Calculating Isaac’s capacity to conduct conventional friendships is as head scratching as the most complex of conundrums. He possesses scant ability to adhere to the rules and formulas of sociability innate in most of us. Explaining the essence of friendship such as sharing and symbiosis is tantamount to talking in a foreign unlearned, un-contextualised language. Fruitless and thankless.

Yet so often, Isaac is a roaring and adoring, larger than life social animal. Attentive to absurd games, ball throwing and bouncing, often his creation, always on his terms. All eye contact and breathless laughter. Infecting all in his wake with his own particular brand of jumping joy. Just ask his autism-informed, well drilled army of cousins.
It’s just that he can retreat into the solitude from the social swiftly and alarmingly. His universe-falling-apart meltdowns may appear indiscriminate, immediate and scary. His is a topsy turvy world where we are not what we seem to him, and him to us. Where who he’s touched by and who he touches seems arbitrary. People are bewitched by his personality or beaten by it.

A forensic of Isaac’s behaviours throws a spotlight on how ill-equipped he is for maintaining a friendship in the way we, as typical humans, believe they need to be. And may explain a reluctance to initiate friends, rarely referencing them, appearing content in his world.

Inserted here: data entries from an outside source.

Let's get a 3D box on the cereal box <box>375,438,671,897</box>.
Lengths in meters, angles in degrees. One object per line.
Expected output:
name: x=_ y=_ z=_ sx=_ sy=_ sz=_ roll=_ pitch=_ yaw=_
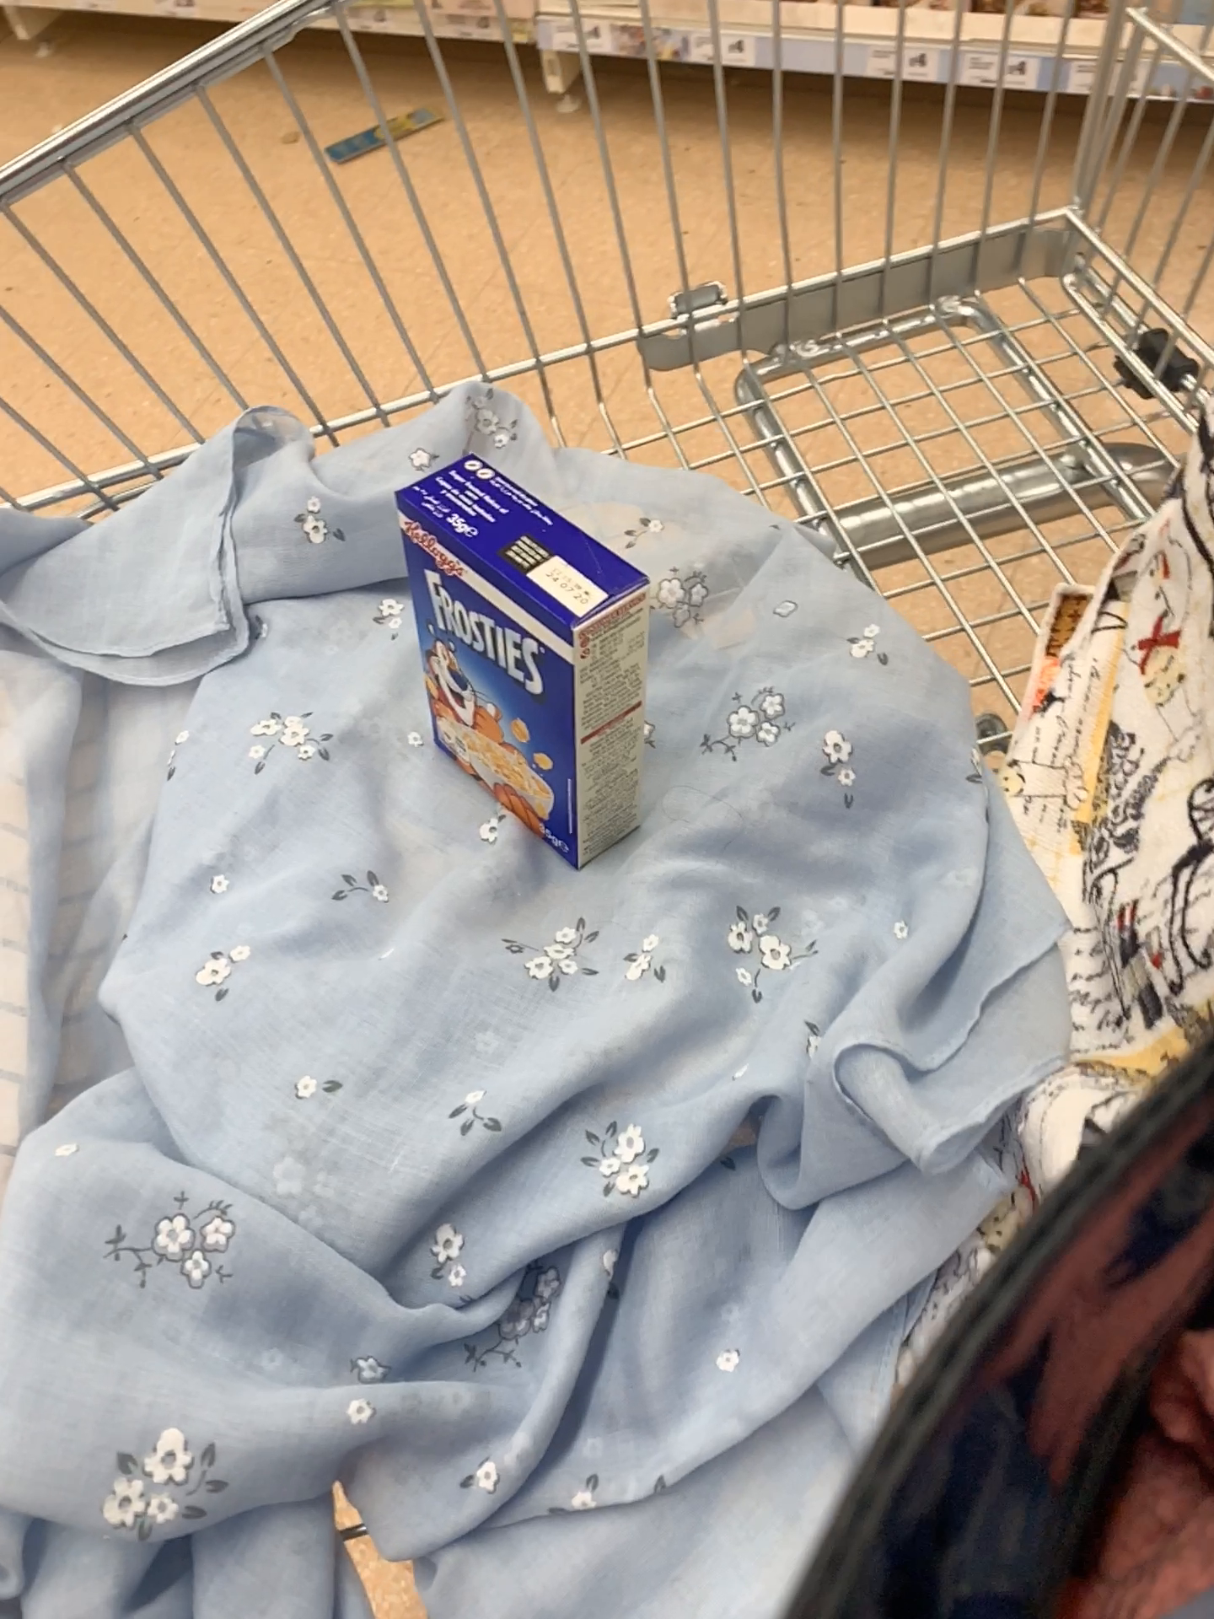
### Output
cereal box: x=-0.027 y=-0.048 z=0.443 sx=0.040 sy=0.129 sz=0.101 roll=-35 pitch=57 yaw=-24

Take eating. Isaac doesn’t appreciate his appetite; he’s barely aware of it. Articulating hunger is extremely unusual, unless repeating a phrase he’s heard. As such he has a finely balanced diet – resolutely at room temperature, ordered, bland, fiercely familiar – if anything’s off balance, it’s all off limits. Profoundly, from a social perspective, the process of eating is as fussy as the food itself. If the circumstances aren’t particular, he simply won’t eat. Or engage.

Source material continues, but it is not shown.